Fig. 1: The proposed system generates variable length video summaries for the game of soccer. The summary is generated by temporally segmenting the soccer video into “plays”, associating a user-specifiable “utility” for each type of play, and using “bin-packing” to select a subset of the plays to add up to the desired length while maximizing the overall utility. The summarization block is composed of a player localization module, an event segmentation module and an event selection module.
Fig. 2:

Player interpolation to compensate missing detections. Red boxes are obtained through frame interpolation. Various cases of bounding box (frame) interpolation – (a) Three neighbouring frames (b) Five neighbouring frame (c) Seven neighbouring frame. One can notice a surge in false detections with increasing neighbourhood size. Interpolation with

neighbourhood frames is best suited for the proposed approach.

Summarization is the representation of a long video by a compact sequence. Broadly, there are two ways of summarizing a video sequence. Key frame based summarization stitches together individual frames, that together, are supposed to be representative of the overall video. Video skimming on the other hand, identifies sub-sequences (“clips”) to create the overall summary. Each clip may contain a few or several hundred contiguous frames and thus encapsulates the context as well as the audio required for a more thorough understanding of the video. Summarization thus allows a user to rapidly assimilate the contents of the overall video with a relatively small investment of time. Summarization can also enable storage, complex indexing and retrieval while optimizing the overall resource consumption.

Summarization is subjective – what is important to one user may be less important to another. For example, a goal keeper may prefer a summarization that emphasizes the activity near the goal while a center forward may prefer a summarization that is biased towards attacking plays. A fan may prefer a summarization that shows more footage of a specific player and so on. We thus bring in the flavour of human centered design with focus on individualistic needs.

Our work is motivated by two separate considerations. On one hand, we aim to incorporate a user’s perspective to drive the summarization. On the other hand, we want to create variable length summaries in an objective manner. Our key contributions are, (i) the use of change point of visual features to decide segmentation points and hence plays or clips, (ii) representing each clip using optical flow, (iii) an optional granular and systematic way of allowing a user to specify a “utility” for each type of play, and (iv) an optimization driven approach to produce arbitrary length summarizations. We have started constructing an end-to-end pipeline that creates variable length summaries based on user specified preferences. Our pipeline, Figure 1, has steps which at present require human assistance; however, the summarization aspects that we describe in this paper do remarkably well with minimal assistance. We believe our work is more generic though we focus exclusively on soccer in this paper.
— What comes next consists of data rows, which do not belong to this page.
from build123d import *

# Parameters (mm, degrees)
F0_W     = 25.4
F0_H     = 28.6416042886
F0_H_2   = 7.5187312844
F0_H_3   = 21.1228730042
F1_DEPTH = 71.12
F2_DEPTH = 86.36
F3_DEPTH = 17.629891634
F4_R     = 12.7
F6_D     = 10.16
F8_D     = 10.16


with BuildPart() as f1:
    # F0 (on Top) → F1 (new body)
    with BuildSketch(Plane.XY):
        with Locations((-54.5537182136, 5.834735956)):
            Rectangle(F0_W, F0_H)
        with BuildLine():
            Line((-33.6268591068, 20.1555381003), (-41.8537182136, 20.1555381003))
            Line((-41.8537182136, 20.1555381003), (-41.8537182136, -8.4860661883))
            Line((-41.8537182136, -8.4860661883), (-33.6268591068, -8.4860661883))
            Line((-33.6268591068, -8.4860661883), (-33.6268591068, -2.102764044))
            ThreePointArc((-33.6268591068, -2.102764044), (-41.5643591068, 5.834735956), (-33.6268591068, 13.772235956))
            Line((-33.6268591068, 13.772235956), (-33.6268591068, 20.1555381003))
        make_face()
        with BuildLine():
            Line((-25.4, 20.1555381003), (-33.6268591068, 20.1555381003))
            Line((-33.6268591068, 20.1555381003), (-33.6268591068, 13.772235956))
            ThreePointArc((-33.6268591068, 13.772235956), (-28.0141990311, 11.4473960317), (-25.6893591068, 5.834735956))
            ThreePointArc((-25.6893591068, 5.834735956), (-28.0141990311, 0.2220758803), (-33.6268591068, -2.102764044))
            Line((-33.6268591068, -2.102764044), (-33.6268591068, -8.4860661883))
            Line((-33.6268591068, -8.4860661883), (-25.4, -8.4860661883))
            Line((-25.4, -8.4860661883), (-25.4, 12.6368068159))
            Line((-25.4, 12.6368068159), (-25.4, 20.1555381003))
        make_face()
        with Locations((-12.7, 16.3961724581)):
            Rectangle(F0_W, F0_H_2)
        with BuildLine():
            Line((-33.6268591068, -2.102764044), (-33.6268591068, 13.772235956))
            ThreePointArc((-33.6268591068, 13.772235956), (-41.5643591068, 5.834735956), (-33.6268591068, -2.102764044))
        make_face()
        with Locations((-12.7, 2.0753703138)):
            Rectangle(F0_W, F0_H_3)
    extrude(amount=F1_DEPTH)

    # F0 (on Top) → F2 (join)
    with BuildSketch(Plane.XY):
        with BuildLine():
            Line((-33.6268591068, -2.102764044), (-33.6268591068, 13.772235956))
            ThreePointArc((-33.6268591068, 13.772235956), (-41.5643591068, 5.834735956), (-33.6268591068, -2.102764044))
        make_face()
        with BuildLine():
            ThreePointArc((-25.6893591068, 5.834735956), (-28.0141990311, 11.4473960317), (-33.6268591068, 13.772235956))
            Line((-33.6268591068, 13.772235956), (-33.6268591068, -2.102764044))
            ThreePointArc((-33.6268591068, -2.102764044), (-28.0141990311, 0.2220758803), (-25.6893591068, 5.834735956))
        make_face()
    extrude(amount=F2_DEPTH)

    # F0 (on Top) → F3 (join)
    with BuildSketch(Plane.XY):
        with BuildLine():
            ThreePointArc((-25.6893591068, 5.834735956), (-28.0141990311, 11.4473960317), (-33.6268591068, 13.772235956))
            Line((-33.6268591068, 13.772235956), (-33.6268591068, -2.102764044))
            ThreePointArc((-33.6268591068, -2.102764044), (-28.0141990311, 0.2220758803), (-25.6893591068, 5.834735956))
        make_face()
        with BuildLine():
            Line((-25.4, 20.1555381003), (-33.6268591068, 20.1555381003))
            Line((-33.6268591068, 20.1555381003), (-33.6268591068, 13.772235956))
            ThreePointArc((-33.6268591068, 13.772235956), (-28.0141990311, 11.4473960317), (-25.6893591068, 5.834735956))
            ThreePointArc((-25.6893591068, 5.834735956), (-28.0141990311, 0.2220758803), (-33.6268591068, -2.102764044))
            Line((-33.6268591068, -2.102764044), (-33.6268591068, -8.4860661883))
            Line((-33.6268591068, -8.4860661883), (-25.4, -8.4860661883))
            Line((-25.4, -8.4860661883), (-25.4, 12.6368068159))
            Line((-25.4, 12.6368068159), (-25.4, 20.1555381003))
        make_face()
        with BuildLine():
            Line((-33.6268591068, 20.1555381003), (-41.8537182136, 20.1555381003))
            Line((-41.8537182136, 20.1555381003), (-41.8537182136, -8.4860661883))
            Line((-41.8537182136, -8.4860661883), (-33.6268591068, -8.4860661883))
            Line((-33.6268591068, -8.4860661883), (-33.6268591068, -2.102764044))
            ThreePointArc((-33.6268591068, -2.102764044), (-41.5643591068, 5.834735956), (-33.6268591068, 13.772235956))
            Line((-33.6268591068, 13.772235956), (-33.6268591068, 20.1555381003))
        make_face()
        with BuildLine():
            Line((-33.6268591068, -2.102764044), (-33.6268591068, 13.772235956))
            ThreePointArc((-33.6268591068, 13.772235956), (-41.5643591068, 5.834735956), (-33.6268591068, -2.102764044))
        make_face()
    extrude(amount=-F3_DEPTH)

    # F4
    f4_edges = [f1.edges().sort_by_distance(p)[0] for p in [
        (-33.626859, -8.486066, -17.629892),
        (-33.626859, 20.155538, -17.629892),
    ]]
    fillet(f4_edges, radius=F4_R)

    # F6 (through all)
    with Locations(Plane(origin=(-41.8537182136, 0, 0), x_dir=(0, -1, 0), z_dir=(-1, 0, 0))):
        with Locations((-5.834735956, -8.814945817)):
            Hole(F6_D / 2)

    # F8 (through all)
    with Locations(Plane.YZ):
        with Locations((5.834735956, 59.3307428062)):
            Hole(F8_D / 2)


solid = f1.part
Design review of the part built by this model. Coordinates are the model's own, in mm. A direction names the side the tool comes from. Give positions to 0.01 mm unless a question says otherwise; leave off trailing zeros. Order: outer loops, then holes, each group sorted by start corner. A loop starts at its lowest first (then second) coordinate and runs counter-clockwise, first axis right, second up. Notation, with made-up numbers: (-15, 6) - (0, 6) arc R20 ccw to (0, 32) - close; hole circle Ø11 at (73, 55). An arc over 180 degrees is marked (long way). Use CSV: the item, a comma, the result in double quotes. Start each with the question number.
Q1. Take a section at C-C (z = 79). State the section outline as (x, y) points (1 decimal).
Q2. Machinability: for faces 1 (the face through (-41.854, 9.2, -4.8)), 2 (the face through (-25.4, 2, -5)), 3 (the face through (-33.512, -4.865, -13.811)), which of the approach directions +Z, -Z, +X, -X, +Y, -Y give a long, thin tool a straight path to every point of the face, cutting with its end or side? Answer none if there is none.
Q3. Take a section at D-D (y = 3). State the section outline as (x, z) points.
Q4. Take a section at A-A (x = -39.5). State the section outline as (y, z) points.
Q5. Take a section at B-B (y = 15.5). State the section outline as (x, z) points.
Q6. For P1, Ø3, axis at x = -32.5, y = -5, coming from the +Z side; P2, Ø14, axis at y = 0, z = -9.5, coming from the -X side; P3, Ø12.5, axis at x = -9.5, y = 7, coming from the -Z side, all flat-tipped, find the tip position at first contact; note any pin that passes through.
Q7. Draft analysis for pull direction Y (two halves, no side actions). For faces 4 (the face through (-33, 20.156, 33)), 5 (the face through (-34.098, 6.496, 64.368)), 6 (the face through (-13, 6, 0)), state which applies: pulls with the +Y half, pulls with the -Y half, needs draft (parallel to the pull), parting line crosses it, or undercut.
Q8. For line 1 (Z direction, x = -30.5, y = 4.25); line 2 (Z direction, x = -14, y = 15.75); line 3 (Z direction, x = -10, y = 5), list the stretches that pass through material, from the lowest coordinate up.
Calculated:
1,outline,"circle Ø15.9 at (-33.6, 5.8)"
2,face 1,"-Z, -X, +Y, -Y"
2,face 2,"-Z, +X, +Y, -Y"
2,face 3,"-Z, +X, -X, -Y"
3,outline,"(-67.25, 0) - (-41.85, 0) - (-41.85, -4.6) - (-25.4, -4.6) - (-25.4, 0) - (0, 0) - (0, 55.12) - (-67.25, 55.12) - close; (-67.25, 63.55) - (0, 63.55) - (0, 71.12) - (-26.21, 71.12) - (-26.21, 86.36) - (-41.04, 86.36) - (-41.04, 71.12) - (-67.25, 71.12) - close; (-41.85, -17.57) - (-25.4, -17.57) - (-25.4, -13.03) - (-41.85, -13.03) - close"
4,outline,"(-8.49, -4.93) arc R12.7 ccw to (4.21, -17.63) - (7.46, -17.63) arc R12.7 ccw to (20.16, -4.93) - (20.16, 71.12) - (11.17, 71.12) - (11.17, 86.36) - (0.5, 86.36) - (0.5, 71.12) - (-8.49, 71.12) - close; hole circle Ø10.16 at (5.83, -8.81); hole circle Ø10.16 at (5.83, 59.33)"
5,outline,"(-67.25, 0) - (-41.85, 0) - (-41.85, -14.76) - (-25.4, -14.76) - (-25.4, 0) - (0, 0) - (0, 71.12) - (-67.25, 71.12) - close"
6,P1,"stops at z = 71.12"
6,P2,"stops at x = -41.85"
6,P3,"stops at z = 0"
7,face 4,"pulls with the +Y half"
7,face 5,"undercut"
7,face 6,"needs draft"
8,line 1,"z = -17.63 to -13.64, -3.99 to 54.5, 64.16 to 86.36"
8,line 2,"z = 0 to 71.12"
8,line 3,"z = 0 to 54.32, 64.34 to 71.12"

We have laid out the rest of the paper as follows. In Section II, we provide a brief summary of the motivation and related work. In Section III, we provide an outline of our approach and establish some definitions that allows for segmentation of video sequences into semantically coherent clips. In penultimate Section IV, we describe the experimental setup and discuss the results obtained. We end with conclusions and future work in Section V.

Ii Related Work

One of the simplest approaches to key frame based segmentation is based on clustering all the frames and then choosing the frame that is best representative of the cluster [1, 2]. Enhancement can include clustering in a perceptual space (i.e. the distance measure used is perceptually motivated [3]). Other approaches to key frame based summarization are based on detecting changes in features [4, 5] and motion activity  [6, 7, 8]. Sudden change in the audio levels can also be a basis for key frame selection. However, as mentioned, key frame summarization methods select individual frames and thereby loose the context in which that frame occurred. For example, a frame containing a circle could have a triangle gradually morphing into a circle; however that evolution is lost if only the frame containing the circle is retained in the summarization. In addition, the loss of the audio track only adds to the coarseness of the summarization.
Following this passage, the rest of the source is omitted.